The requirements to run an LXD based virtual cluster are:

  • LXD 3.0 or newer (older releases may work but were never tested),
  • distrobuilder.

On debian systems, these are available through snap

sudo snap install lxd
sudo snap install distrobuilder --classic

First let us run the following command to start the interactive configuration process:

sudo lxd init

Note

Please when asked, apply the default configuration.

Then, LXD can be added to the machine groups:

sudo adduser <your username> lxd
groups

The groups command should print a series of groups the user is part of and this list should end with lxd.

Note

This may require to reboot your machine to take effect.

Next, clone and move to the melissa-ci repository can be cloned

git clone https://gitlab.inria.fr/melissa/melissa-ci.git
cd melissa-ci

By creating and moving to a temporary folder as follows:

mktemp -d  # this will create a temporary dir in /tmp/
cd /tmp/tmp.<some-name>
the user can then execute distrobuilder:
sudo distrobuilder build-lxd /path/to/melissa-ci/lxd/rockylinux.yaml \
 -o image.release=8 \
 -o image.architecture=x86_64 \
 -o image.variant=virtual-cluster \
 -o source.variant=boot

Note

Because CentOS v8 is not maintained anymore, CentOS was replaced with Rocky Linux (same distribution as Jean-Zay).

Finally, the image can be imported like this:

lxc image import \
 --alias 'virtual-cluster/rockylinux/8/amd64' \
 -- lxd.tar.xz rootfs.squashfs

Launching the virtual cluster

Now that the LXD image was built and imported, go to the melissa-ci/virtual-cluster directory. The following command shows the available parameters of the launch-virtual-cluster.py script:

python3 launch-virtual-cluster.py --help

Warning

  • For a given scheduler, this script first stops and deletes all existing virtual clusters of this kind.
  • In every virtual cluster one container will be dedicated to the batch scheduler. Hence at least two containers are required.
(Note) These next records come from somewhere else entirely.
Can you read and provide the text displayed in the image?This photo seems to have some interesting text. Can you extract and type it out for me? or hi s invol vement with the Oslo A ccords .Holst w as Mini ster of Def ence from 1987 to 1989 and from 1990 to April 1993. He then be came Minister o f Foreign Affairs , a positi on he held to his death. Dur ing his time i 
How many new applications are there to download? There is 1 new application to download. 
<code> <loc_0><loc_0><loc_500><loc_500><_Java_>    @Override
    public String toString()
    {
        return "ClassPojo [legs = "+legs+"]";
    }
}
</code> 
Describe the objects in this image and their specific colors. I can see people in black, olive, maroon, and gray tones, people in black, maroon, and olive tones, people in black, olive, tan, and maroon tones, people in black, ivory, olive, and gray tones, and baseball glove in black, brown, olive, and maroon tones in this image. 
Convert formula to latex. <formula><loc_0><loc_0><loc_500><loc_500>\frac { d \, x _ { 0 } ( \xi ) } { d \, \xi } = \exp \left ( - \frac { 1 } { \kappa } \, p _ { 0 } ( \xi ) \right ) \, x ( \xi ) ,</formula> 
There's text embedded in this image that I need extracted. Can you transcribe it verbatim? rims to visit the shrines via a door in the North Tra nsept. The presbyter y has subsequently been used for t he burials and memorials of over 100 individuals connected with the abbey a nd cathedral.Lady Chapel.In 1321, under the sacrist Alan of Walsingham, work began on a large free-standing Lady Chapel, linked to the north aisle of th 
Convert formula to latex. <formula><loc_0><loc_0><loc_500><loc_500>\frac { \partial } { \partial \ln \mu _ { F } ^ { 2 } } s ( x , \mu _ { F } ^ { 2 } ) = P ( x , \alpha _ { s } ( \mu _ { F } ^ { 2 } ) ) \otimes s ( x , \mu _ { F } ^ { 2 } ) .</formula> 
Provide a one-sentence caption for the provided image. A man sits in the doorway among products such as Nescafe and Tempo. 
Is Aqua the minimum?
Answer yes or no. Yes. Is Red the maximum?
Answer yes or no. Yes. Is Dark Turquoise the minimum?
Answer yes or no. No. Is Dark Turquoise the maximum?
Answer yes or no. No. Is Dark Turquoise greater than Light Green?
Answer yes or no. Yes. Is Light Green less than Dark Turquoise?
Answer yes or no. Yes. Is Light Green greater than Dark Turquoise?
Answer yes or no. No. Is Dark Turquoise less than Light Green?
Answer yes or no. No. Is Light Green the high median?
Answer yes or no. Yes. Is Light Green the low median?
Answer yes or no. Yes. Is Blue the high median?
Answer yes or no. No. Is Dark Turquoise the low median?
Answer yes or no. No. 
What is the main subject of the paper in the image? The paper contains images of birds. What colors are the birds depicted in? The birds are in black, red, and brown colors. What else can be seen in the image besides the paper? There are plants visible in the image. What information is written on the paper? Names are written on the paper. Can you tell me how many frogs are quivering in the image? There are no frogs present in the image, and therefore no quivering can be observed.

In order to launch a virtual cluster with 12 containers (one server and eleven compute nodes) with slurm as a batch scheduler, one should use the following command:

python3 launch-virtual-cluster.py slurm 12 'virtual-cluster/rockylinux/8/amd64'

The next command is used to connect to the master node which corresponds to the virtual cluster front-end:

lxc exec slurm-0 -- sudo --login --user john

The virtual cluster comes with its own OpenMPI package accessible with the module manager:

module load mpi

Then, an MPI application can simply be started this way:

srun -n 3 echo TEST

In addition, the user is free to use any package manager (e.g. spack, pip, etc.) to add dependencies to the cluster environment.

Note

Advanced configuration of the virtual cluster environment can require root access which can be activated by connecting to the virtual cluster with this command:

lxc exec slurm-0 -- bash

Running Melissa in the virtual cluster

Melissa can then be installed according to the Quick Install instructions. Afterwards, the user can finally run a first study by following one of the corresponding tutorials:

Warning

With slurm scheduler, the virtual cluster only supports groups of unit size. To circumvent this issue, the user can use slurm-openmpi instead.